2. Do you have no shame, sir? The Netherlands, the United Kingdom, and the United States accused Russia's military intelligence agency, better known as the GRU, of conducting a series of cyber operations against sporting organizations as well as the Organization for the Prohibition of Chemical Weapons (OPCW). First, UK and Dutch authorities held a joint press conference detailing a "close-access cyber operation," where four GRU operatives under diplomatic cover parked outside OPCW headquarters in the Hague to hack its WiFi network. The OPCW is of interest to Moscow given its role in confirming the UK's assessment that the GRU was behind the poisoning of Sergei Skripal and its investigation in the use of chemical weapons in the Syrian civil war. Second, the U.S. Department of Justice announced an indictment against the same four GRU operatives, along with three others (who were also previously indicted under the Mueller probe), for the OPCW operation and others directed at the World Anti-Doping Agency, anti-doping bodies in Canada and the United States, the International Association of Athletics Federations, and FIFA. The targeting of these organizations was part of an influence and disinformation campaign to discredit them because of their criticism and actions against Russia's state-sponsored athlete doping program.

Unsurprisingly, Russia denied the allegations, chalking it up to an "anti-Russia spy-mania," whereas Canada, Australia, New Zealand, and France issued statements supporting the joint Dutch-US-UK allegations. This is the most recent, and arguably best coordinated, instance in which a group of Western countries have jointly denounced malicious Russian cyber activity, with a view of trying to get Moscow to change its behavior. The jury is still out on whether that will work. Russia, however, might want the GRU to invest in better operational security, like not re-using the same laptop for different field operations or prohibiting agents from taking Moscow taxi receipts with them on their way to missions. 

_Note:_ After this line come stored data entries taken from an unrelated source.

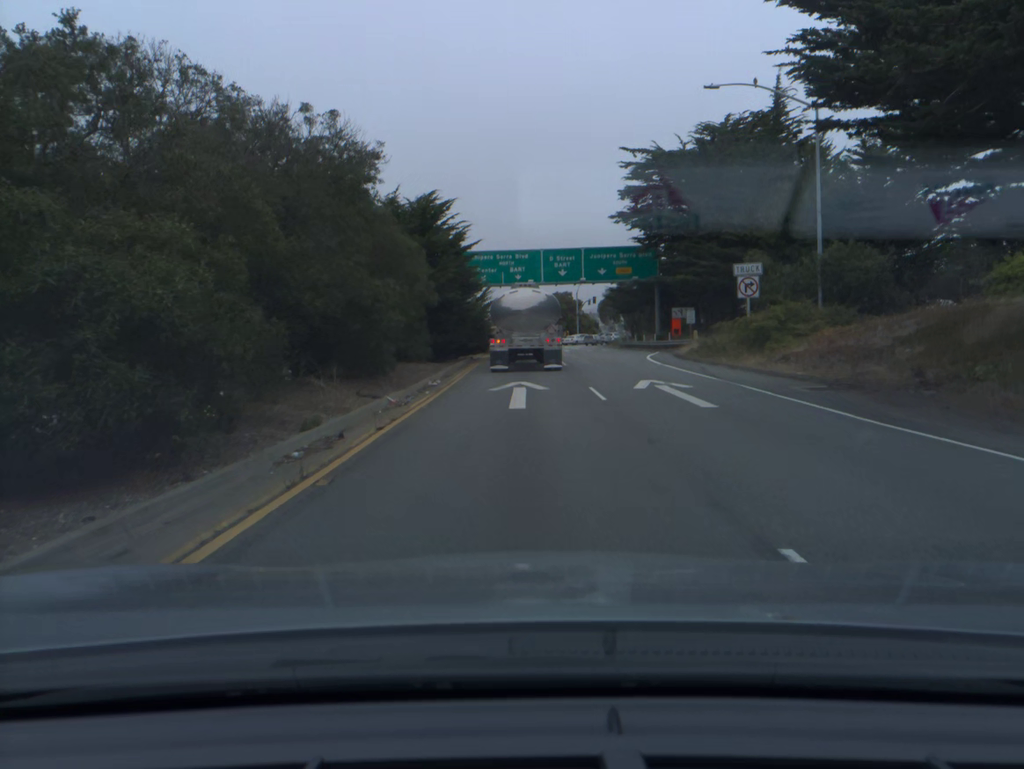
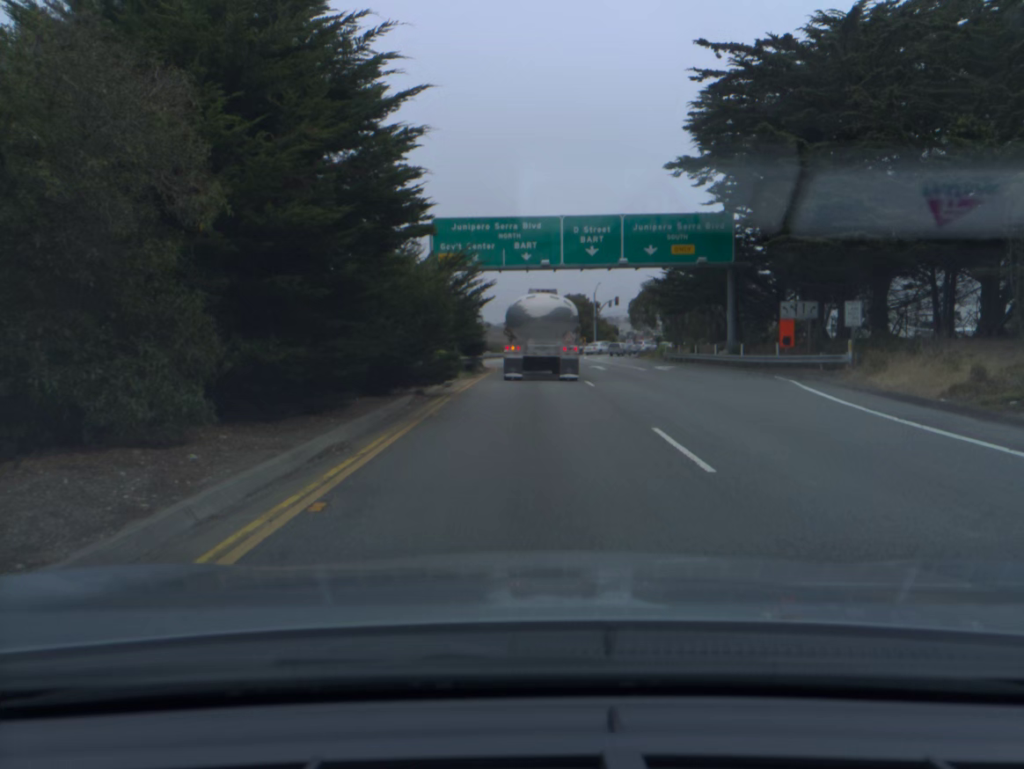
(-0.1, +23.1) m; -1°
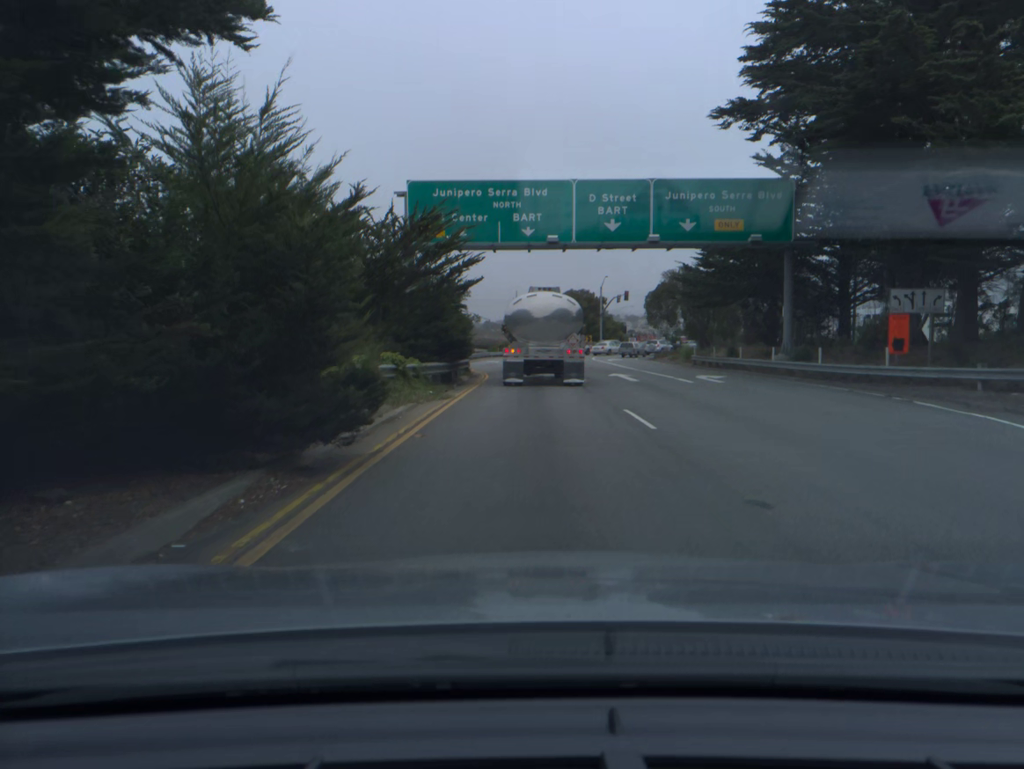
(0.0, +10.5) m; 0°
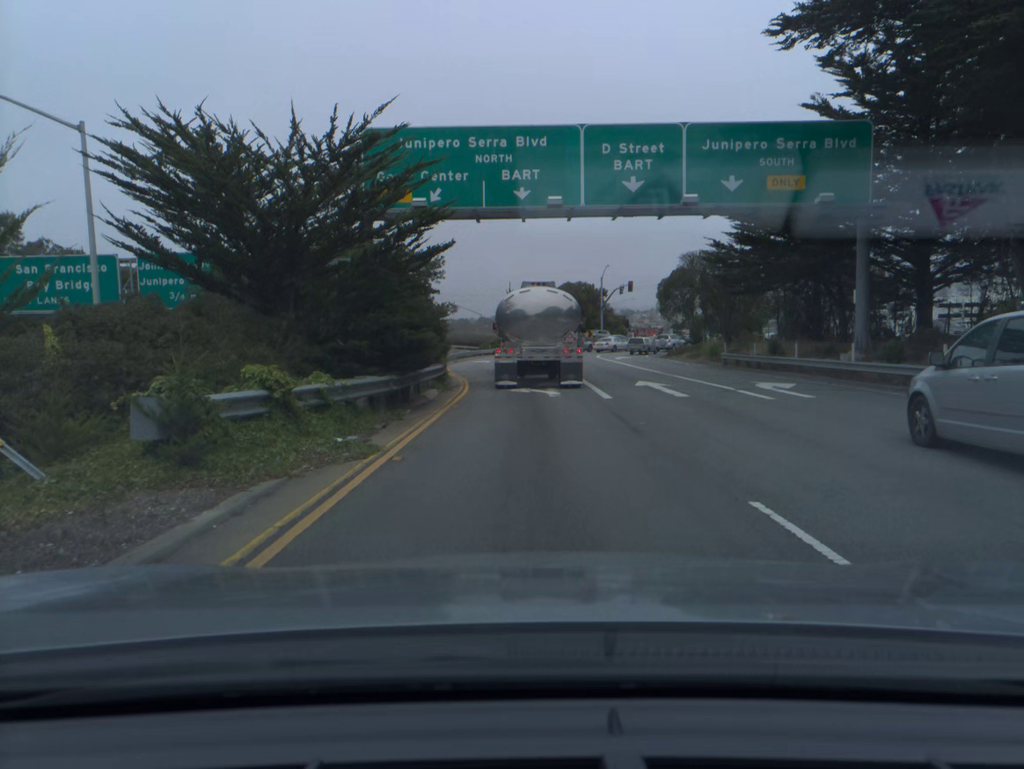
(+0.1, +9.1) m; +1°
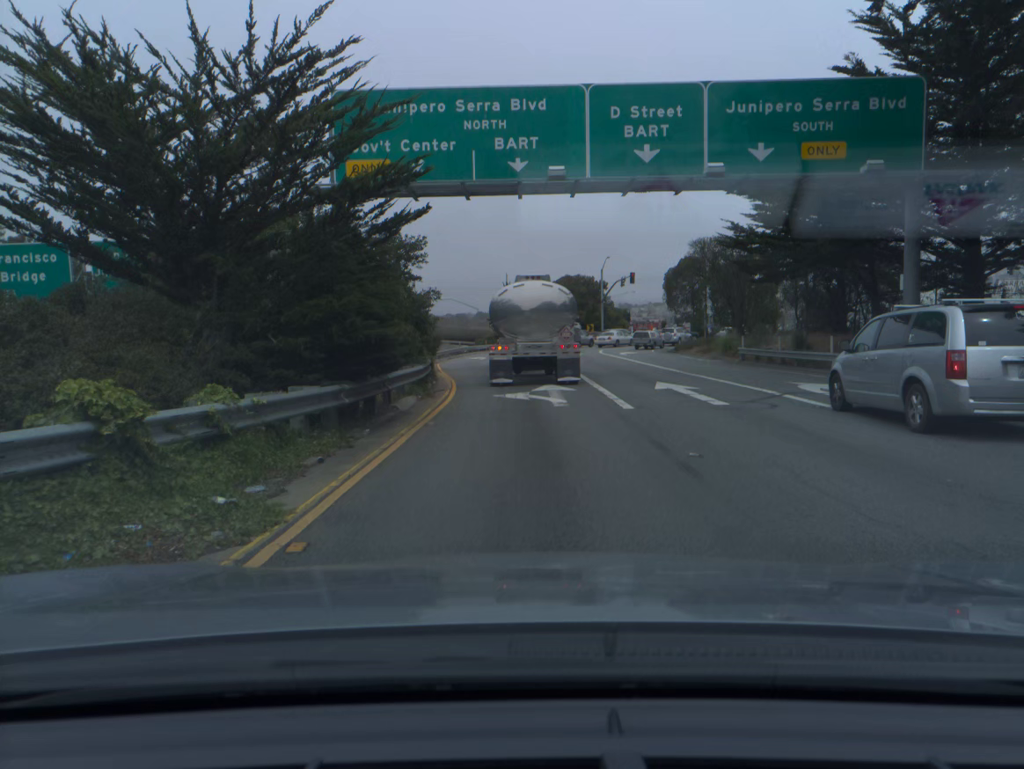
(0.0, +4.0) m; 0°
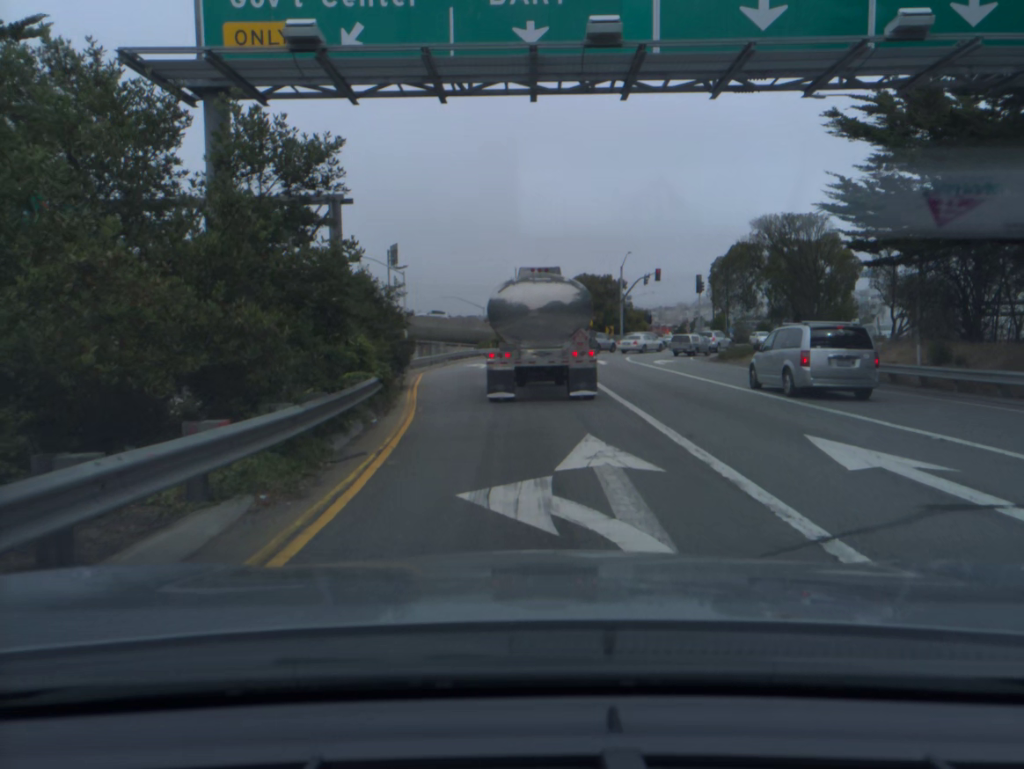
(-0.1, +11.1) m; -2°
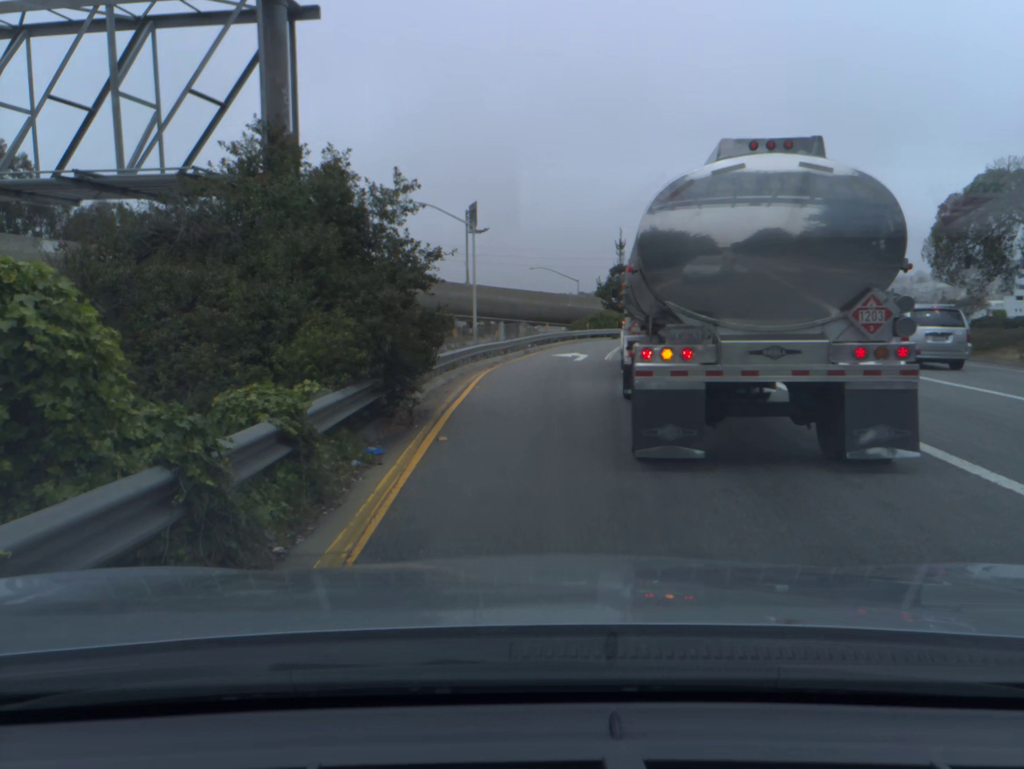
(-0.8, +13.9) m; -6°

3. Debunking disinformation. The Indonesian government is stepping up its effort to counter fake news before that country's presidential election next year. The country’s communications ministry announced a plan to hold a weekly briefing that debunks disinformation as part of a public-facing education campaign. Indonesia is the world’s third-largest democracy—it also has one of the highest rates of social media usage among its citizens in the world. That’s fertile ground for disinformation and hoaxes. On Thursday, Indonesian authorities arrested eight people responsible for a campaign to spread fake information about the tsunami that hit Indonesia’s Sulawesi island.